## TASK PROMPT
Among the records that follow, find the line with "- cardboard box <box>558,228,590,273</box>" and the line with "- cardboard box <box>392,476,437,494</box>". Set down those lines and all lines between them exactly, without adding anything.

Stored entries:
══════
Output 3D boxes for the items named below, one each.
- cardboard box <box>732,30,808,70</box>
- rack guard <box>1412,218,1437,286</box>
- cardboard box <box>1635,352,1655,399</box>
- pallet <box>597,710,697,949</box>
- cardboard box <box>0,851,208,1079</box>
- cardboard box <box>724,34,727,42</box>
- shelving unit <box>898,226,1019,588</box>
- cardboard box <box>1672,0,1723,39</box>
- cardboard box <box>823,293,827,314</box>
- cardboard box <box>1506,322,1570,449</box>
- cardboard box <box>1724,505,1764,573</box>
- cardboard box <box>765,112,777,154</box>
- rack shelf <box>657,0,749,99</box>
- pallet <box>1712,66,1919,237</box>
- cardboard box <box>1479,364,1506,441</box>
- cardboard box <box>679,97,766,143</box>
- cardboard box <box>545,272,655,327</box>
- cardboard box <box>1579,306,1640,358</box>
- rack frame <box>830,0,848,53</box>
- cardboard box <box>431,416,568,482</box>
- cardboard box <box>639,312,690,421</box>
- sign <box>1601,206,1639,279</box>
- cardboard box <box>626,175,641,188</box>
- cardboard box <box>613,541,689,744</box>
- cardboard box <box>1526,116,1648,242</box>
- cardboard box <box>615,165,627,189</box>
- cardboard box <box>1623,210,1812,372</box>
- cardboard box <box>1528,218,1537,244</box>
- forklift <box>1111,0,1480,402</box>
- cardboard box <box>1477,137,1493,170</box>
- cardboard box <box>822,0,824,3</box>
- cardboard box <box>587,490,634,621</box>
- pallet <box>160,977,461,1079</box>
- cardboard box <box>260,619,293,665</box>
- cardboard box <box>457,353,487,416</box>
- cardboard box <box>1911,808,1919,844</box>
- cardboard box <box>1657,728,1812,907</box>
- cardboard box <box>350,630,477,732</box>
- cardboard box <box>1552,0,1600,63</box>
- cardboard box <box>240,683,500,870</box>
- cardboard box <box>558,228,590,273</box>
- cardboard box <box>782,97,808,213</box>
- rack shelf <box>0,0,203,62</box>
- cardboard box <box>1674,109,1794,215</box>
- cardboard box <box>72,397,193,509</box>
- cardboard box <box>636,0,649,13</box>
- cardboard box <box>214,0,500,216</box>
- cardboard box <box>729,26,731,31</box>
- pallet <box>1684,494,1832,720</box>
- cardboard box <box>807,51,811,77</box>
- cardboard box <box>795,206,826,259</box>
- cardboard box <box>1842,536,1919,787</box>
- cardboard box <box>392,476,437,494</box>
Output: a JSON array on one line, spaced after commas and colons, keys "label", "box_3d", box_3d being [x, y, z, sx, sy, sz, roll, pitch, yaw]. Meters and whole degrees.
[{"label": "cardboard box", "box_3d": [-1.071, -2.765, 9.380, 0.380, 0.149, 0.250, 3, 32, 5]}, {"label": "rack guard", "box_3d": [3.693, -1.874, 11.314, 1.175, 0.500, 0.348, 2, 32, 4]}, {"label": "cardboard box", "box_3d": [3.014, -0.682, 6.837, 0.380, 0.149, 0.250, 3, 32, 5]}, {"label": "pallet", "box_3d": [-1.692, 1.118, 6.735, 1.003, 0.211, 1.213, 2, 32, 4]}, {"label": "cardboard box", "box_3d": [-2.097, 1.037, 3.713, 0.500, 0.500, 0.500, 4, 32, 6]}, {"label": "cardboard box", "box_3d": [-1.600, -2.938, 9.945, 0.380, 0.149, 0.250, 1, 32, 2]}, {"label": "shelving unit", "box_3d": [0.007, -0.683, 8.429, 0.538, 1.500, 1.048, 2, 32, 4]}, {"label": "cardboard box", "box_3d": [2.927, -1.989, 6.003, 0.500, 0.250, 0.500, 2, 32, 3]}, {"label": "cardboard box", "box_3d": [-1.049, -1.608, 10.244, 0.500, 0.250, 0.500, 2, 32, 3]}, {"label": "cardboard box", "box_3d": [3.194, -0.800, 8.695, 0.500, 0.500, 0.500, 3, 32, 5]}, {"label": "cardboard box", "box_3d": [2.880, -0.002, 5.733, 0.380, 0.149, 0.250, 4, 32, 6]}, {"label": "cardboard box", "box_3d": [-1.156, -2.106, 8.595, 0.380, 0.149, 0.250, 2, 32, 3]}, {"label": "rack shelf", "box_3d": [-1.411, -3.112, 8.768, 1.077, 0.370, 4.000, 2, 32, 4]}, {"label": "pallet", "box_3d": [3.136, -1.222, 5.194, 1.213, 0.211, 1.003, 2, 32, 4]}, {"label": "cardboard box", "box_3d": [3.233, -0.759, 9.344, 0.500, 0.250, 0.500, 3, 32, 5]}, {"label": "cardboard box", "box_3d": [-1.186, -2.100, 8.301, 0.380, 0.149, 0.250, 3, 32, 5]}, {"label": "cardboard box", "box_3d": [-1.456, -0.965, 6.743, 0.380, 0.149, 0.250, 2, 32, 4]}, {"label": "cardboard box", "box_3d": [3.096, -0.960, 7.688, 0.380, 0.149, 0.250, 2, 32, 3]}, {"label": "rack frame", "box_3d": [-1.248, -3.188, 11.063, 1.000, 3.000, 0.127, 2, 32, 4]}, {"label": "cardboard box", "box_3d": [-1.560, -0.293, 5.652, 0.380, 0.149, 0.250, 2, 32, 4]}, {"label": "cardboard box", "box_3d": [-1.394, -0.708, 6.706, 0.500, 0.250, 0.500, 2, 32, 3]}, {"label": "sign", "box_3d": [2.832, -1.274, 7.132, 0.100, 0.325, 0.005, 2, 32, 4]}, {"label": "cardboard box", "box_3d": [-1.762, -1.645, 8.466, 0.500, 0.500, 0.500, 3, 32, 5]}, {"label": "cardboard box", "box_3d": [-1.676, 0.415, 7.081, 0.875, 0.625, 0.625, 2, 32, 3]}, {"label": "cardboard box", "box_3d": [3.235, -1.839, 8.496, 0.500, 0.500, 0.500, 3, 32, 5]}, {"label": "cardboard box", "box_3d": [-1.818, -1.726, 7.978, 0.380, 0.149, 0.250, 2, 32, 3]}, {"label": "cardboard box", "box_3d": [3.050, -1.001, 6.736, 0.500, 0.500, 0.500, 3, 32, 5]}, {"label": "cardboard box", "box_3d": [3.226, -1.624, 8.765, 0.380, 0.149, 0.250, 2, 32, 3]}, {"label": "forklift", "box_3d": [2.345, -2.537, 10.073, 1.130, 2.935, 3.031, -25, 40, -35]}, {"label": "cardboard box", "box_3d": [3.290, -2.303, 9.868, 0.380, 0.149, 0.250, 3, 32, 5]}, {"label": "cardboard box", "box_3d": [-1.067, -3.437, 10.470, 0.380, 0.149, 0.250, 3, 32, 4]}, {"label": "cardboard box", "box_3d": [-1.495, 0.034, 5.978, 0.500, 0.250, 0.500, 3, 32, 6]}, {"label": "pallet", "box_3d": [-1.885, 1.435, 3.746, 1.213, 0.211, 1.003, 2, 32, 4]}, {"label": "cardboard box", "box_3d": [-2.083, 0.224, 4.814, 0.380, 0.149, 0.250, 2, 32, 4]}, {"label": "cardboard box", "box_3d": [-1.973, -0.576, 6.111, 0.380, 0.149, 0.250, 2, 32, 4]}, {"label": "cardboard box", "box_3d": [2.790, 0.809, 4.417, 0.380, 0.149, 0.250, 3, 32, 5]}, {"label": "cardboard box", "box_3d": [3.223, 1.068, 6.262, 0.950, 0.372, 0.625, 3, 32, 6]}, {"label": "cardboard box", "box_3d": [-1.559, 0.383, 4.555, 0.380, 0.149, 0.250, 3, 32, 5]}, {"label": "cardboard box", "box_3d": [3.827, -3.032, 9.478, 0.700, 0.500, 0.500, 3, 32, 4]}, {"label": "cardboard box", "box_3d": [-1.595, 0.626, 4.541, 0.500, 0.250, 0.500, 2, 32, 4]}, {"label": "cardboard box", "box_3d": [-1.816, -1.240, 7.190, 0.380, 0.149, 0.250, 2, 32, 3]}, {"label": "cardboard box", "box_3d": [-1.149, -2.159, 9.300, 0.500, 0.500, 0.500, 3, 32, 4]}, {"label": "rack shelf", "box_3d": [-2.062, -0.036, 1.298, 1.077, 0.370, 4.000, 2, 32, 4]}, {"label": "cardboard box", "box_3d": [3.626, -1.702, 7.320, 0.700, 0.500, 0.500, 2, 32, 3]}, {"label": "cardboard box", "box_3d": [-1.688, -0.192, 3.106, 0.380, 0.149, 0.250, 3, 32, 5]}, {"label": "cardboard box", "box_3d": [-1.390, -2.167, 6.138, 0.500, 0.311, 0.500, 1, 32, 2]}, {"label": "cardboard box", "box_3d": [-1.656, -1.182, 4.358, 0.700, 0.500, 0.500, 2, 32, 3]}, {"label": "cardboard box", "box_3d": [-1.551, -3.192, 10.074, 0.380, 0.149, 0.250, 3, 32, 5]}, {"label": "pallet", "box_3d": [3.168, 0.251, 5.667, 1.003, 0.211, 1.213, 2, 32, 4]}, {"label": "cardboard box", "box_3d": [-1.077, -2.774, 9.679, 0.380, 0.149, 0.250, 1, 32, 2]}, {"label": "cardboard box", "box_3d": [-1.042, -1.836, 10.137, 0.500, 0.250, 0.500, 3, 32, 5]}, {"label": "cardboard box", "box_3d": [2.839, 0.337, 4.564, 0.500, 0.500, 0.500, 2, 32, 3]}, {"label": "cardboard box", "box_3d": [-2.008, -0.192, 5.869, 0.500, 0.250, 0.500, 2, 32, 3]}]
══════
## YOUR SOLUTION
- cardboard box <box>558,228,590,273</box>
- cardboard box <box>782,97,808,213</box>
- rack shelf <box>0,0,203,62</box>
- cardboard box <box>1674,109,1794,215</box>
- cardboard box <box>72,397,193,509</box>
- cardboard box <box>636,0,649,13</box>
- cardboard box <box>214,0,500,216</box>
- cardboard box <box>729,26,731,31</box>
- pallet <box>1684,494,1832,720</box>
- cardboard box <box>807,51,811,77</box>
- cardboard box <box>795,206,826,259</box>
- cardboard box <box>1842,536,1919,787</box>
- cardboard box <box>392,476,437,494</box>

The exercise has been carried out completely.